Kannst ja mal bei Hardwareversand oder HOH schauen, finde die beiden Shops ganz gut


----------



## fac3l3ss (19. Mai 2011)

Chester Bennington schrieb:


> Kannst ja mal bei Hardwareversand oder HOH schauen, finde die beiden Shops ganz gut


 Ich finde HoH(.de) neben Alternate am besten!

MfG
fac3l3ss


----------



## Herbboy (19. Mai 2011)

baronvonvestholm schrieb:


> bin mit alternate nicht mehr zufrieden wegen dem neuen design


  LOL ? 


hardwareversand und hoh fallen mir da auch auf Anhieb ein, oder auch kmelektronik.


----------



## Jack ONeill (19. Mai 2011)

Herbboy schrieb:


> LOL ?
> 
> 
> hardwareversand und hoh fallen mir da auch auf Anhieb ein, oder auch kmelektronik.


 
Es soll Menschen geben die damit nicht zurecht kommen


----------



## ghostadmin (19. Mai 2011)

Naja hwv hat nicht grade das größe Sortiment.

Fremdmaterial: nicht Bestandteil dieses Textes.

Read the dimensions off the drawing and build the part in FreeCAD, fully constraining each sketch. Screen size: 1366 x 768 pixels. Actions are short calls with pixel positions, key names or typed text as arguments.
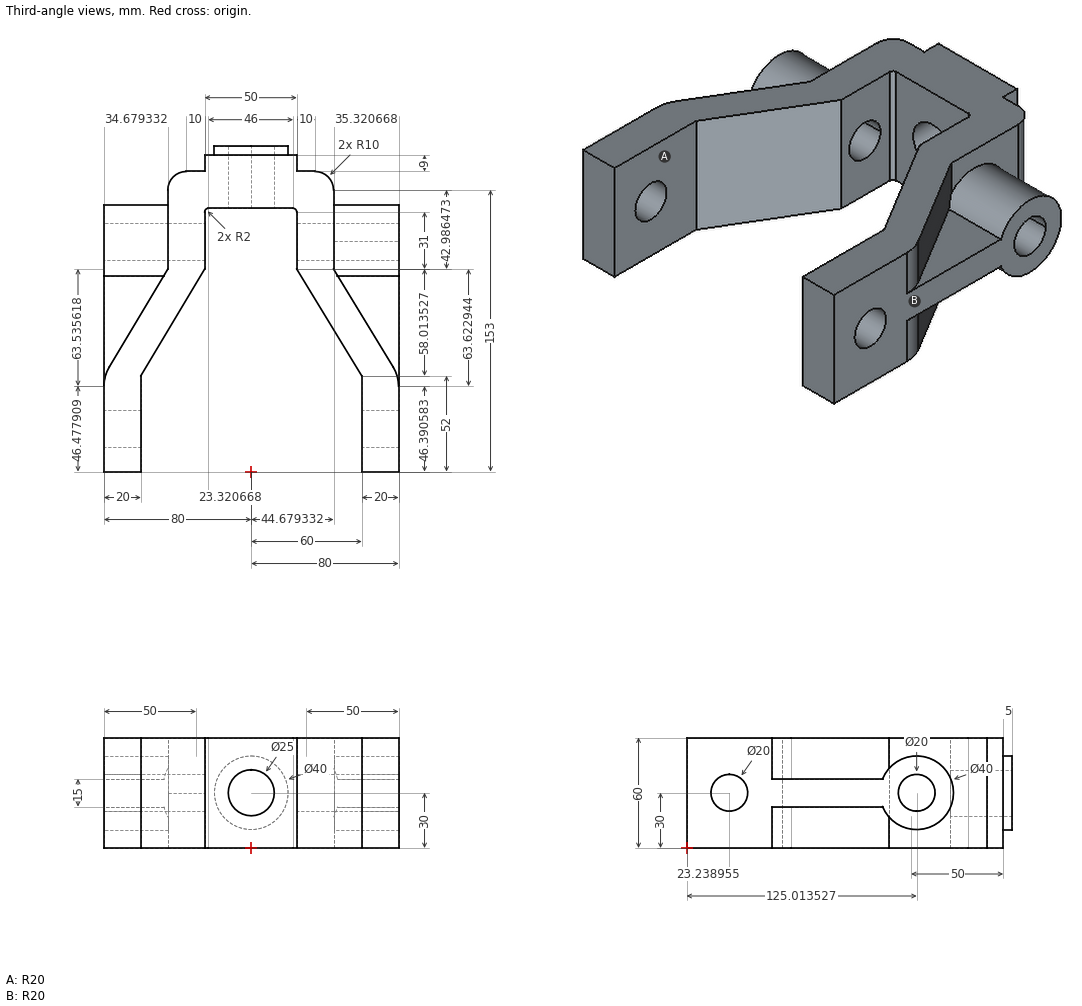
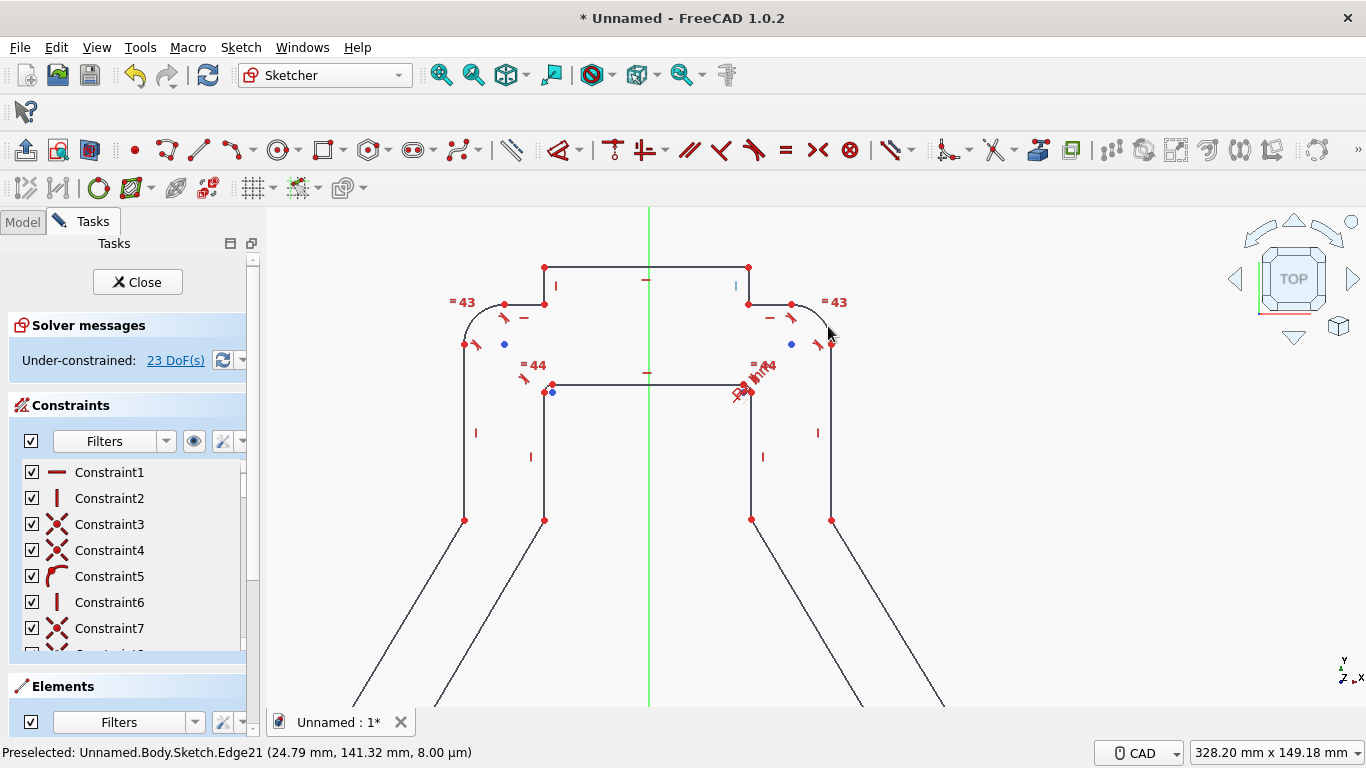
click(827, 327)

Bei einem Shop nicht mehr zu kaufen nur weil einem das Design nicht gefällt is auch etwas seltsam. Oder gehst du auch nicht in Geschäfte rein bei denen dir die Farbgestaltung nicht gefällt?
HoH wurde ja schon genannt, dann noch VV Computer, MIX, Mindfactory...


----------



## seventyseven (19. Mai 2011)

Mindfactory 

(bitte kein hater gequatsche)


----------



## Jack ONeill (19. Mai 2011)

seventyseven schrieb:


> Mindfactory
> 
> (bitte kein hater gequatsche)


 
Warum sollte das einer machen, MF ist doch nicht schlecht


----------



## HAWX (19. Mai 2011)

Chester Bennington schrieb:
			
		

> Warum sollte das einer machen, MF ist doch nicht schlecht



Weil die Daten im Internet verteilt haben und der Support in den letzten Monaten unterirdisch geworden ist.
Zudem versuchen sie um Garantiefaelle rum zu kommen


----------



## Jack ONeill (19. Mai 2011)

HAWX schrieb:


> Weil die Daten im Internet verteilt haben und der Support in den letzten Monaten unterirdisch geworden ist.
> Zudem versuchen sie um Garantiefaelle rum zu kommen


 
Ich hatte bei MF erst 3 mal was gekauft und die haben noch meine alte anschrieft und E-Mail Adresse


----------



## HAWX (19. Mai 2011)

Chester Bennington schrieb:
			
		

> Ich hatte bei MF erst 3 mal was gekauft und die haben noch meine alte anschrieft und E-Mail Adresse



Meine Daten sind auch nicht im Netz die meines Kumpels schon!(er hat da einmal damals seinen 965BE gekauft)
Es handelt sich um den Namen, die vollstaendige Anschrift und seine Mailadresse.


----------



## Jack ONeill (19. Mai 2011)

HAWX schrieb:


> Meine Daten sind auch nicht im Netz die meines Kumpels schon!(er hat da einmal damals seinen 965BE gekauft)
> Es handelt sich um den Namen, die vollstaendige Anschrift und seine Mailadresse.


 
Das ist dann mehr als nur ärgerlich, so kommt jeder Depp an die Daten

Gut nehme alles zurück


----------



## HAWX (19. Mai 2011)

Chester Bennington schrieb:
			
		

> Das ist dann mehr als nur ärgerlich, so kommt jeder Depp an die Daten
> 
> Gut nehme alles zurück



Ja eben genau
Sein Nachbar 2 Haeuser weiter ist uebrigens auch komplett drin.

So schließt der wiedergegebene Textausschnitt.